O setor que havia se mantido mobilizado é, no entanto, o mais desorganizado e sua forças se encontravam fragmentadas pela ausência de uma ferramenta politica que aglutinasse as demandas de trabalhadores e jovens.

Essa ausência de organização e seu caráter espontâneo havia cativado intelectuais como Alain Badiou, que via no movimento o “puro comunismo”: “o levante popular que falamos manifestadamente não tem partido nem organização hegemônica, nem dirigente reconhecido. Já vai o tempo de se avaliar se essa característica é um elemento de força ou debilidade. Em qualquer caso, é isso que faz com que, numa forma muito pura, sem duvida a mais pura desde a Comuna de Paris, tenha todos os traços necessários para se denominar como um comunismo de movimento”. Porem, lamentavelmente, a ausência de um grande partido operário revolucionário se traduziu numa debilidade para as forças que são o motor do processo revolucionário, enquanto conta com a vantagem o regime. Se torna cada vez mais urgente que uma aliança entre a classe operaria, a juventude e o povo pobre forme seus próprios organismos de auto-organização com um programa e uma estrategia revolucionaria independente do regime e como aqueles que se apresentem como opositores dentro dos limites do molde da “transição ordenada”.

As audiências na Universidade do Cairo para rever os reitores da era Mubarak, os protestos e greves pela renacionalização das empresas privadas e para que saiam todos os gerentes do antigo regime, são uma mostra eficiente de que as consignas que motorizaram as jornadas revolucionarias seguem vigentes. E mais do que nunca, está começando a ser patrimônio da vanguarda da juventude e da classe trabalhadora que o Conselho Supremo da FF.AA. não será a garantia de que se realizem essas demandas, se bem que o seu contrario.

A força social da classe operaria e seu protagonismo nas jornadas revolucionarias é o que distingue o processo no Egito e Tunísia dentro da “primavera árabe”, especialmente em comparação com países como a Líbia (com uma classe operaria débil e ausente no processo aberto).

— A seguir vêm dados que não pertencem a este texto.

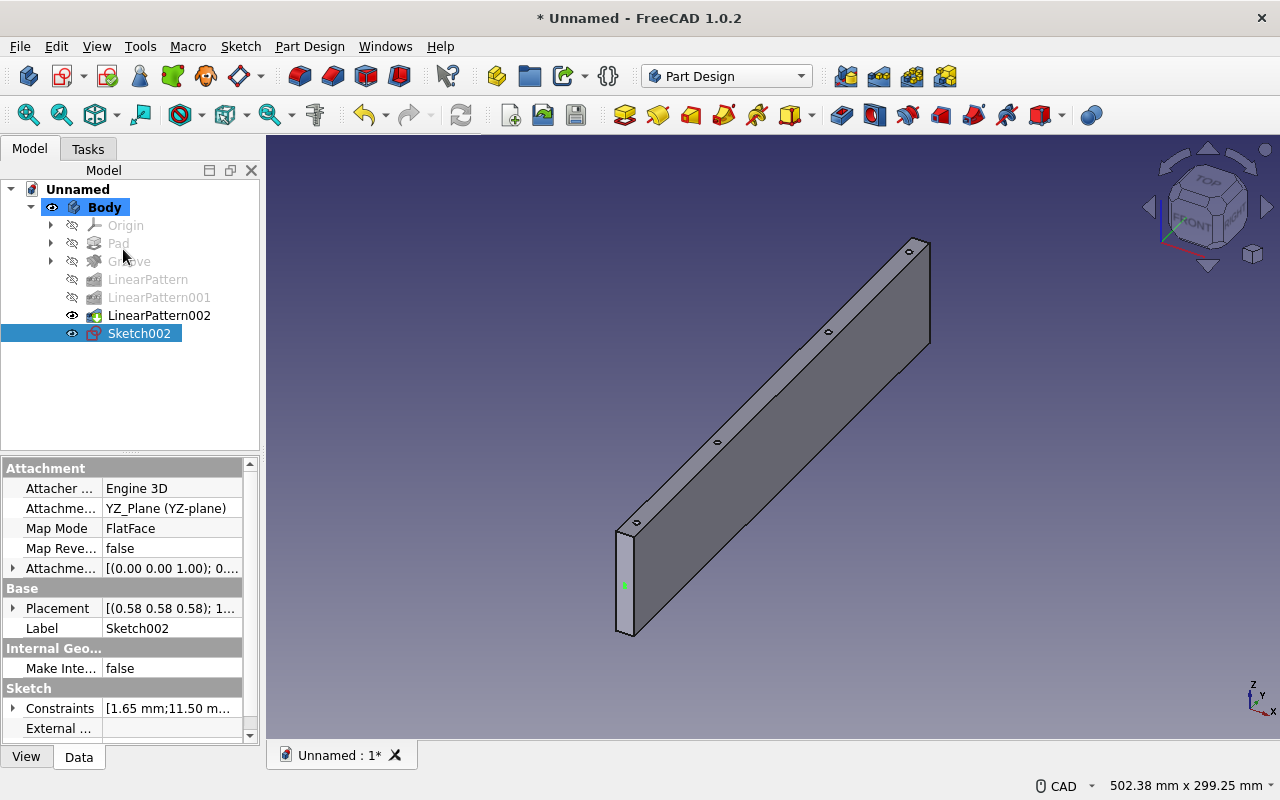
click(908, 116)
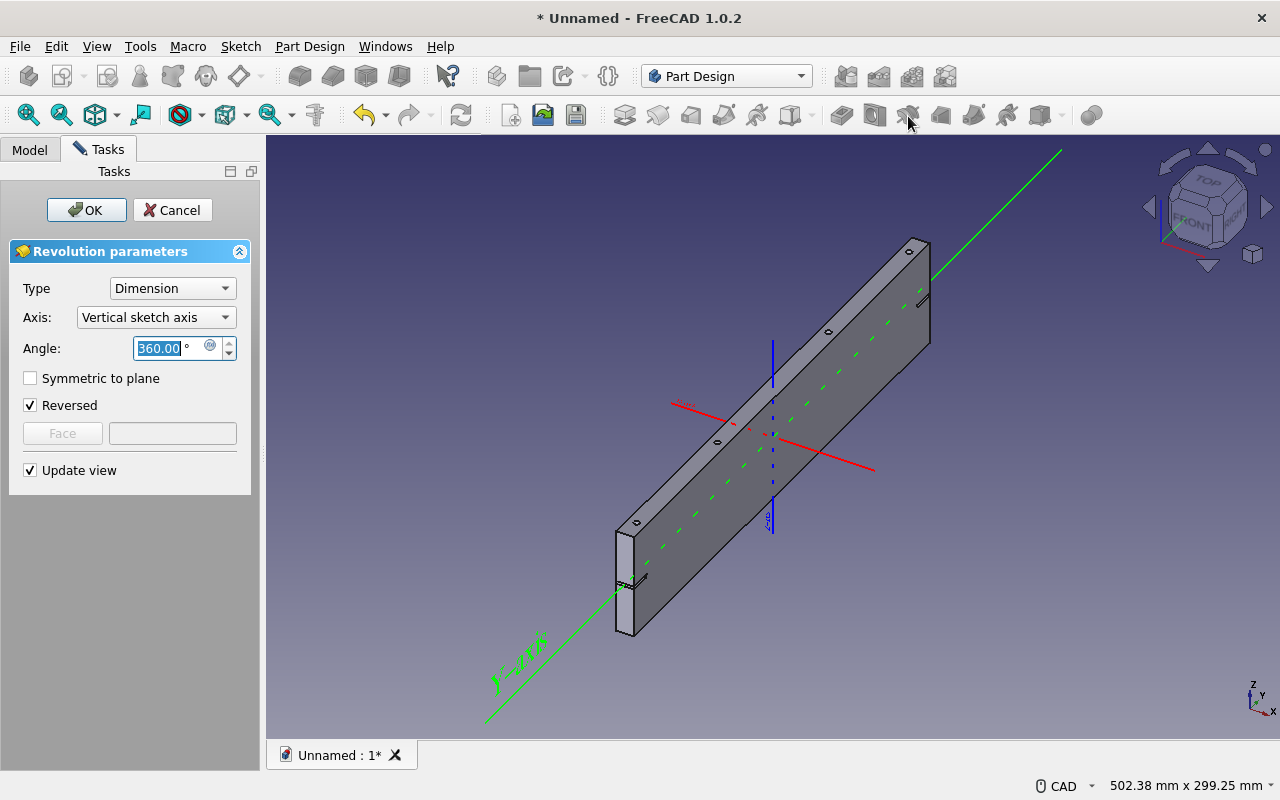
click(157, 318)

Aí está seu grande potencial revolucionário aberto para ser a ponta de lança na luta contra o regime de transição, em que o Conselho Supremo atua como agente do imperialismo e como instrumento de domínio da classe dominante, a ponta de lança para lutar por um governo operário e popular baseado nos organismos de democracia operaria, que expropriem os capitalistas e o imperialismo, e seja o primeiro passo da revolução socialista no norte da África e no conjunto do mundo árabe.

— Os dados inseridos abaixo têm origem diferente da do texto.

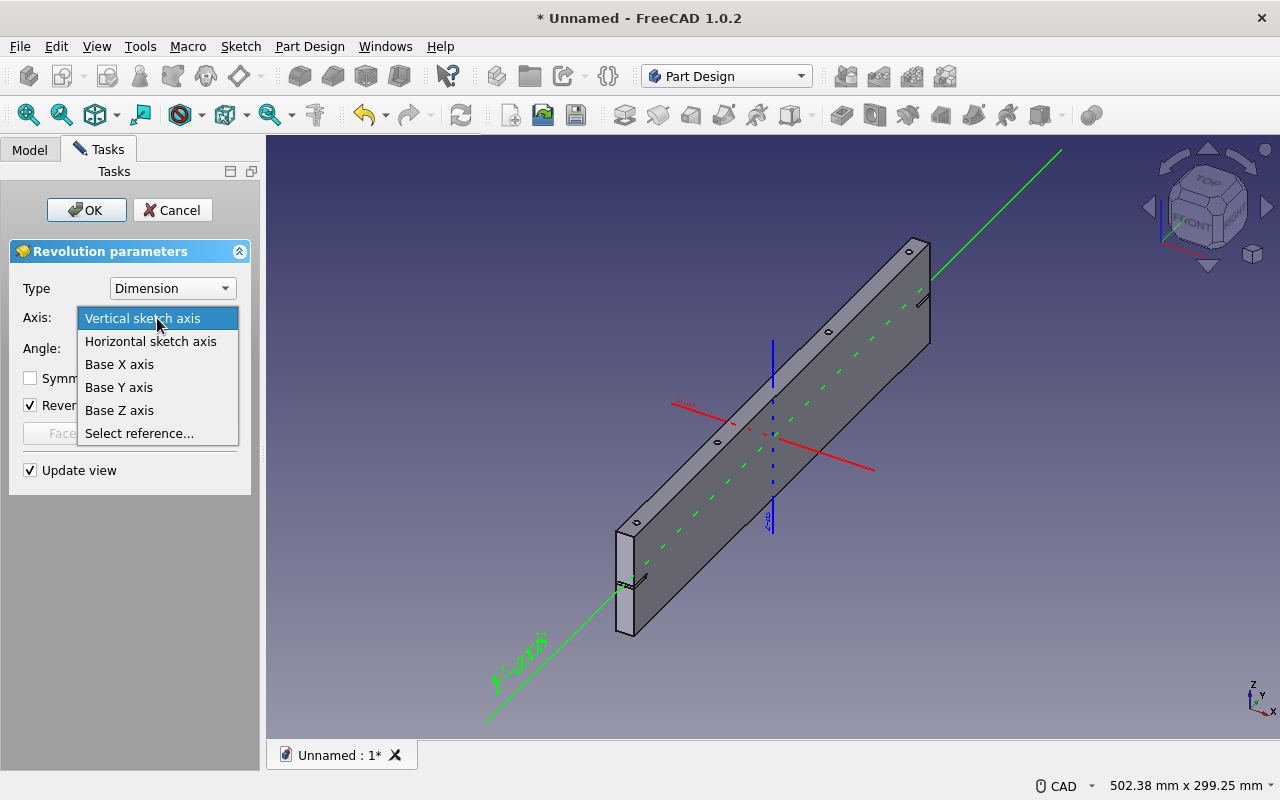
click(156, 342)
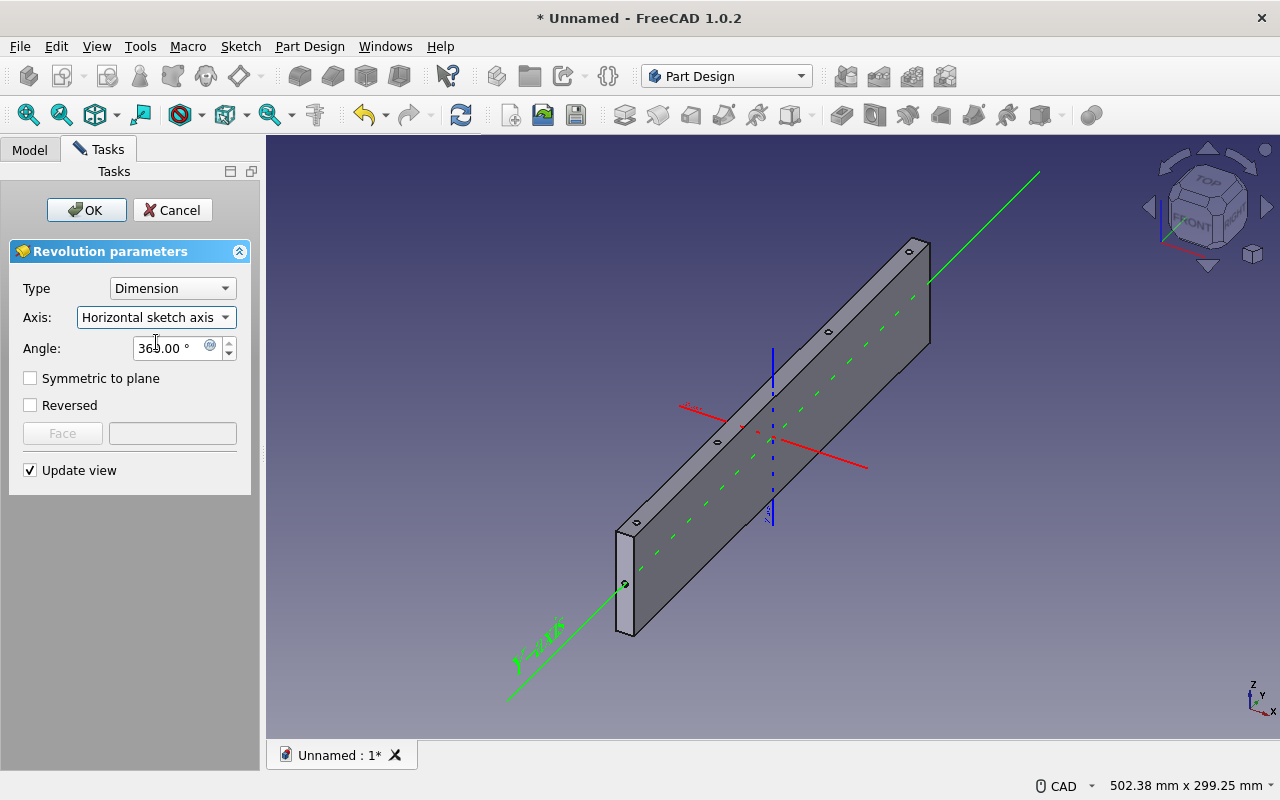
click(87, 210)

A primavera árabe enfrenta hoje duas variantes reacionárias: por um lado, as tentativas de desvio, e por outro, o achatamento contra-revolucionário, como ocorre hoje na Líbia. É preciso superar a debilidade que mostrou a ausência de um programa anti-imperialista – uma debilidade importante do processo de conjunto – e lutar contra a intervenção do imperialismo na Líbia, assim como enfrentar seus agentes na região.